Foreign Languages Interfaces

  • R's base functions system(), system2(), and - on Windows - shell.exec() - provide interfaces for calling system functions. sys (GitHub) and processx (not on CRAN) provide unified, platform-independent APIs for running system processes.
  • inline eases adding code in C, C++, or Fortran to R. It takes care of the compilation, linking and loading of embedded code segments that are stored as R strings.
  • Rcpp offers a number of C++ classes that makes transferring R objects to C++ functions (and back) easier. RInside provides C++ classes for embedding within C++ applications.
  • rGroovy integrates with the Groovy scripting language.
  • rJava provides a low-level interface to Java similar to the .Call interface for C and C++. helloJavaWorld provides an example rJava-based package. jvmr (archived on CRAN) provides a bi-directional interface to Java, Scala, and related languages, while rscala is designed specifically for Scala.
  • rustr provides bindings to Rust.
  • reach (not on CRAN) and matlabr provide rough interfaces to Matlab.
  • rPython, rJython, PythonInR, rpy2 (not on CRAN), and SnakeCharmR (not on CRAN) provide interfaces to python. reticulate (GitHub) is a relatively recent interface built by RStudio.
  • RJulia (not on CRAN) provides an interface with Julia, as does XRJulia. RCall embeds R within Julia.
  • RStata is an interface with Stata. RCall embeds R in Stata.
  • tcltk, which is a package built in to R, provides an general interface to Tcl, usefully especially for accessing Tcl/tk (for graphical interfaces). after (not on CRAN) uses tcltk to run R code in a separate event loop.
  • V8 offers an embedded Javascript engine, useful for building packages around Javascript libraries. js provides additional tools for working with Javascript code.

The knitr package, which supplies various foreign language engines, can also be used to generate documents that call python, awk, ruby, haskell, bash, perl, dot, tikz, sas, coffeescript, and polyglot.

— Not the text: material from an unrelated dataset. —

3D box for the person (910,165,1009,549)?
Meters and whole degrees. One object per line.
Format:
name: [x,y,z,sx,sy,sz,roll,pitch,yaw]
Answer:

Writing packages that involve compiled code requires a developer toolchain. If developing on Windows, this requires Rtools, which is updated with each R minor release.

Debugging

  • log4r (Github) and logging provide logging functionality in the style of log4j.
  • loggr (not on CRAN) aims to provide a simplified logging interface without the need for withCallingHandlers() expressions.
  • rollbar reports messages and errors to Rollbar, a web service.
  • The rchk tool provides tools for identifying memory-protection bugs in C code, including base R and packages.

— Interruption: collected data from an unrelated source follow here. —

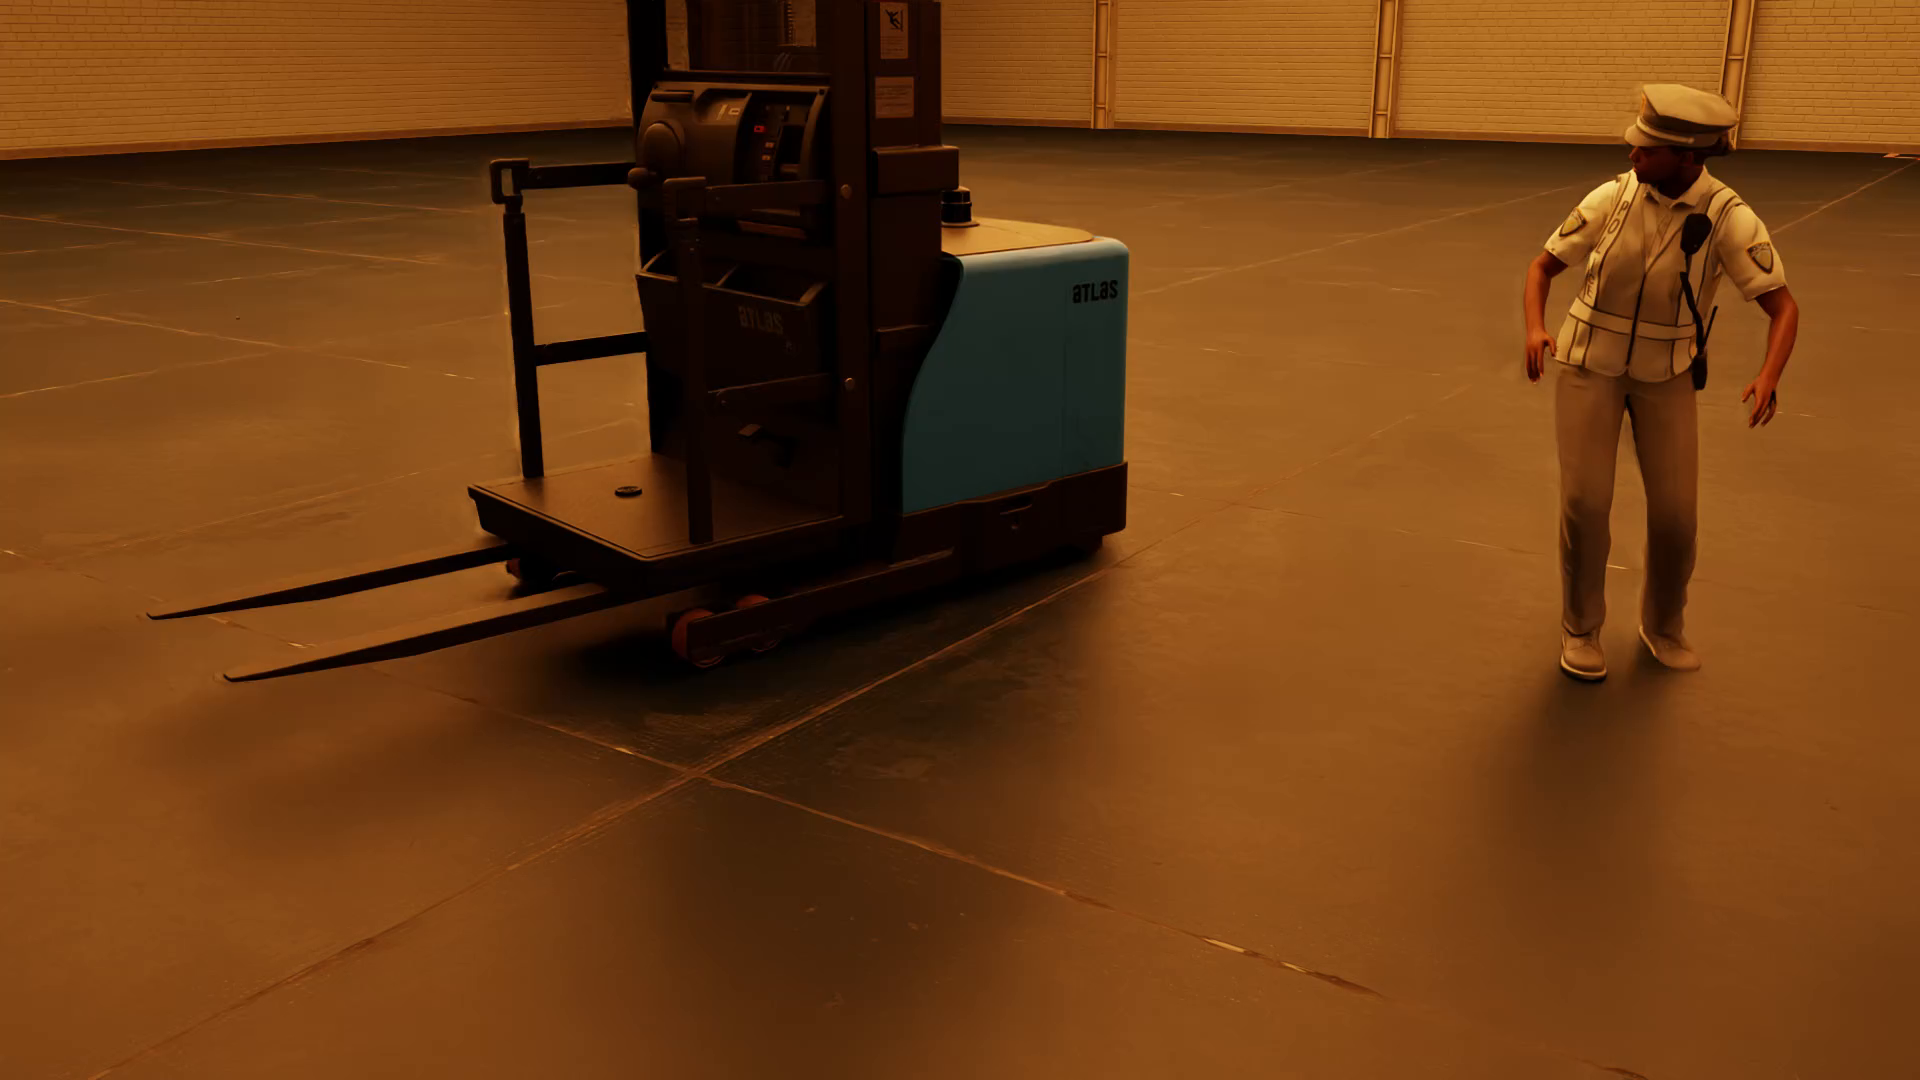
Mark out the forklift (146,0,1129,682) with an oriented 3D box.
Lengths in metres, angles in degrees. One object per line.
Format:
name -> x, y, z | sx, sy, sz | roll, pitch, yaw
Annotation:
forklift -> -0.854, -1.209, 4.875 | 3.031, 2.935, 1.130 | -14, 22, -39

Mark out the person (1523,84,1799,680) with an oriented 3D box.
person -> 1.881, -0.401, 4.557 | 0.692, 1.634, 0.610 | 6, 18, 20
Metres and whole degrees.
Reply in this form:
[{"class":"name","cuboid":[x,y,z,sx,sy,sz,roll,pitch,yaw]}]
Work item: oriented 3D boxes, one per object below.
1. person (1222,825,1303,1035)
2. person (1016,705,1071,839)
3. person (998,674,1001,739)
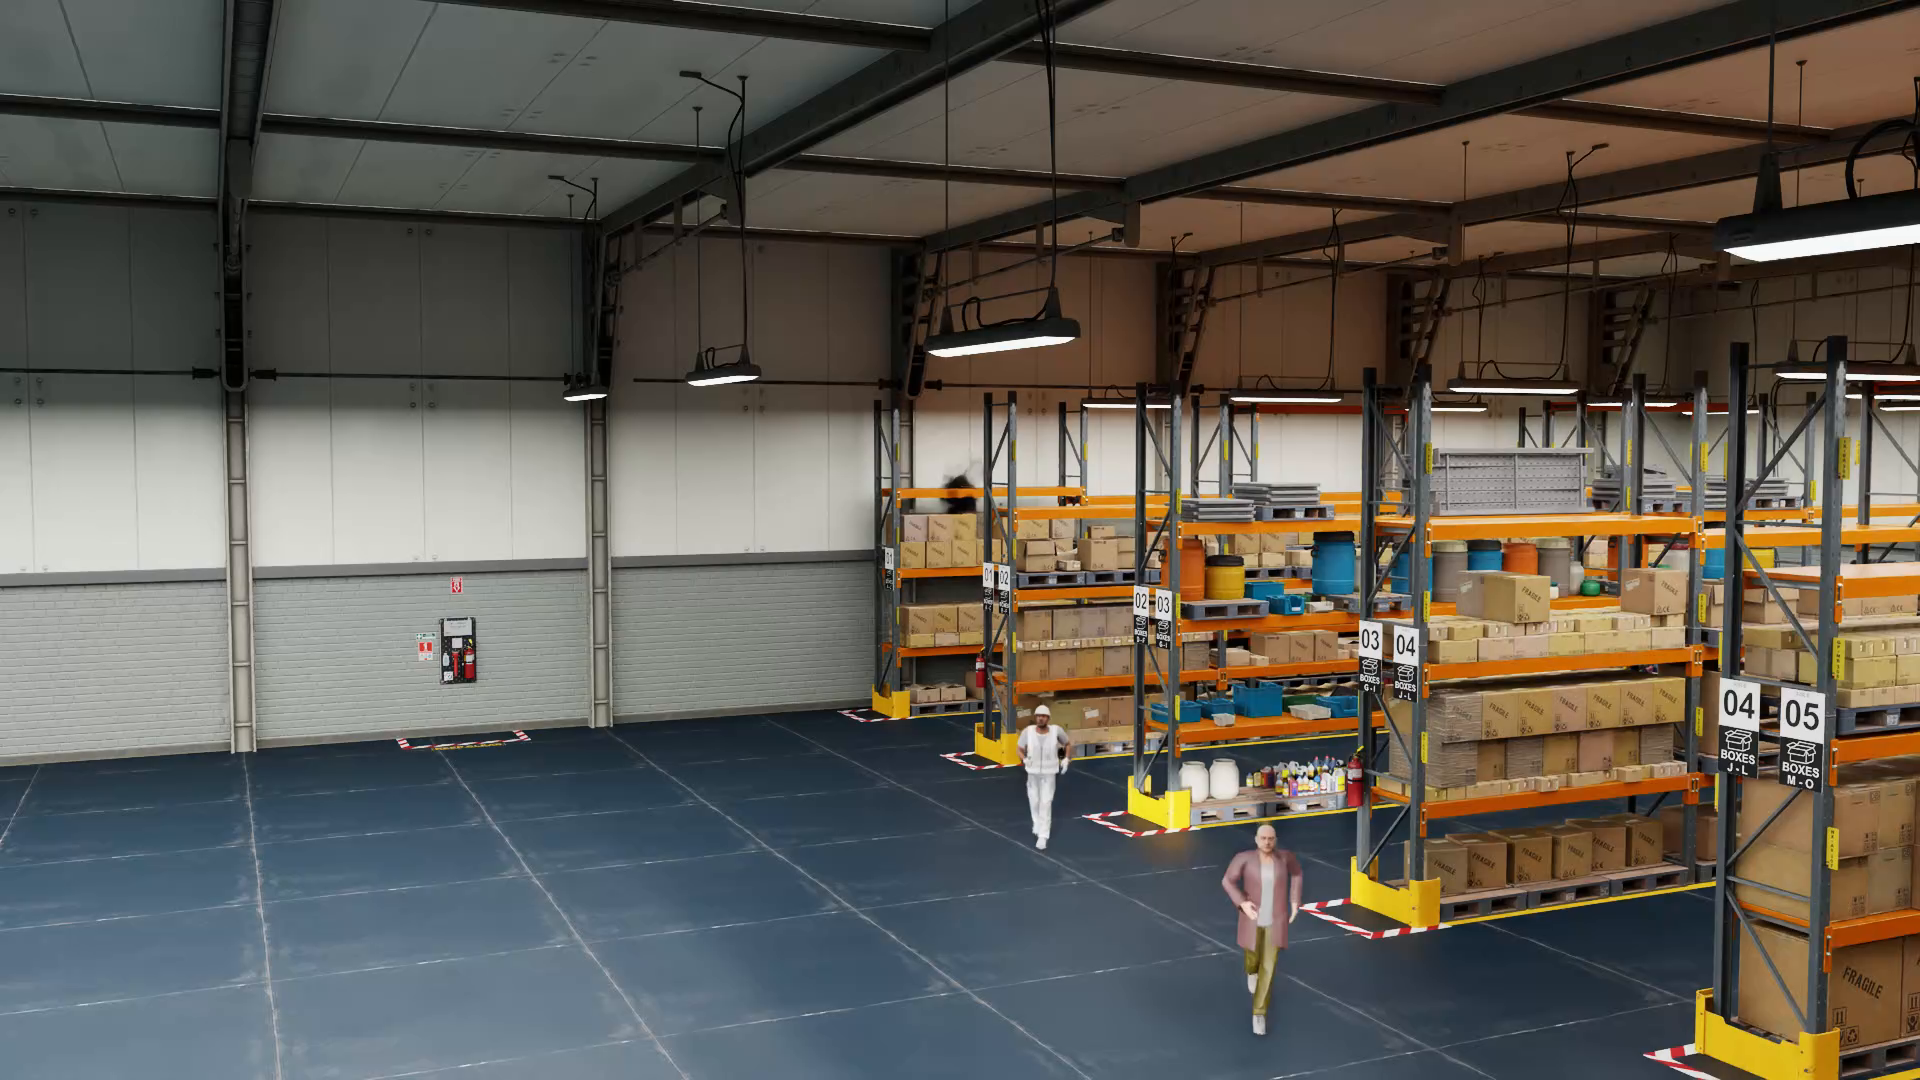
[{"class":"person","cuboid":[2.722,3.417,14.954,0.735,1.770,1.032,0,3,6]},{"class":"person","cuboid":[1.076,2.981,21.525,0.708,1.717,0.738,1,3,10]},{"class":"person","cuboid":[1.015,2.677,29.049,0.845,1.631,0.547,-1,4,-21]}]

Code Analysis and Formatting

  • codetools provides a number of low-level functions for identifying possible problems with source code.
  • lintr provides tools for checking source code compliance with a style guide.
  • formatR and rfmt (not on CRAN) can be used to neatly format source code.
  • FuncMap provides a graphical representation of function calls used in a package.
  • pkggraph (GitHub) and functionMap provide tools useful for understanding function dependencies within and across packages. atomize can quickly extract functions from within a package into their own package.

Profiling

  • Profiling data is provided by utils::Rprof() and can be summarized by utils::summaryRprof(). prof.tree (GitHub) provides an alternative output data structure to Rprof(). profmem (GitHub) adds a simple interface on top of this.
  • profr can visualize output from the Rprof interface for profiling.
  • proftools and aprof can also be used to analyse profiling output.
  • profvis (not on CRAN) provides an interactive, graphical interface for examining profile results.
  • lineprof (not on CRAN) provides a visualization tool for examining profiling results.
  • Rperform (not on CRAN) compares package performance across different git versions and branches.

Benchmarking

  • base::system.time() is a basic timing utility that calculates times based on one iteration of an expression.
  • microbenchmark and rbenchmark provide timings based on multiple iterations of an expression and potentially provide more reliable timings than system.time()

Unit Testing

  • Packages should pass all basic code and documentation checks provided by the R CMD check quality assurance tools built in to R. rcmdcheck provides programmatic access to R CMD check from within R and callr (not on CRAN) provides a generic interface for calling R from within R.
  • R documentation files can contain demonstrative examples of package functionality. Complete testing of correct package performance is better reserved for the test directory. Several packages provide testing functionality, including RUnit, svUnit, testit (GitHub), testthat, testthatsomemore (not on CRAN), and pkgmaker. runittotestthat provides utilities for converting exiting RUnit tests to testthat tests.
  • unitizer (GitHub) provides tools for regression testing by comparing test output against previous runs of the same tests. The package has extensive vignette-based documentation.
  • vdiffr (GitHub) can be used for graphical unit tests.
  • assertive, assertr, checkmate ensurer, and assertthat provide test-like functions for use at run-time or in examples that will trigger messages, warnings, or errors if an R object differs from what is expected by the user or developer.
  • mockr (GitHub) provides tools to mock a function in a test context. This can be useful for standardizing the test of a function that calls other functions by fixing the output of those function dependencies.
  • covr and testCoverage (not on CRAN) offer utilities for monitoring how well tests cover a package's source code. These can be complemented by services such as Codecov or Coveralls that provide web interfaces for assessing code coverage.
  • withr (GitHub) provides functions to evaluate code within a temporarily modified global state, which may be useful for unit testing, debugging, or package development.
  • The devtools::use_revdep() and revdep_check() functions from devtools can be used to test reverse package dependencies to ensure code changes have not affected downstream package functionality. crandalf (not on CRAN) provides an alternative mechanism for testing reverse dependencies.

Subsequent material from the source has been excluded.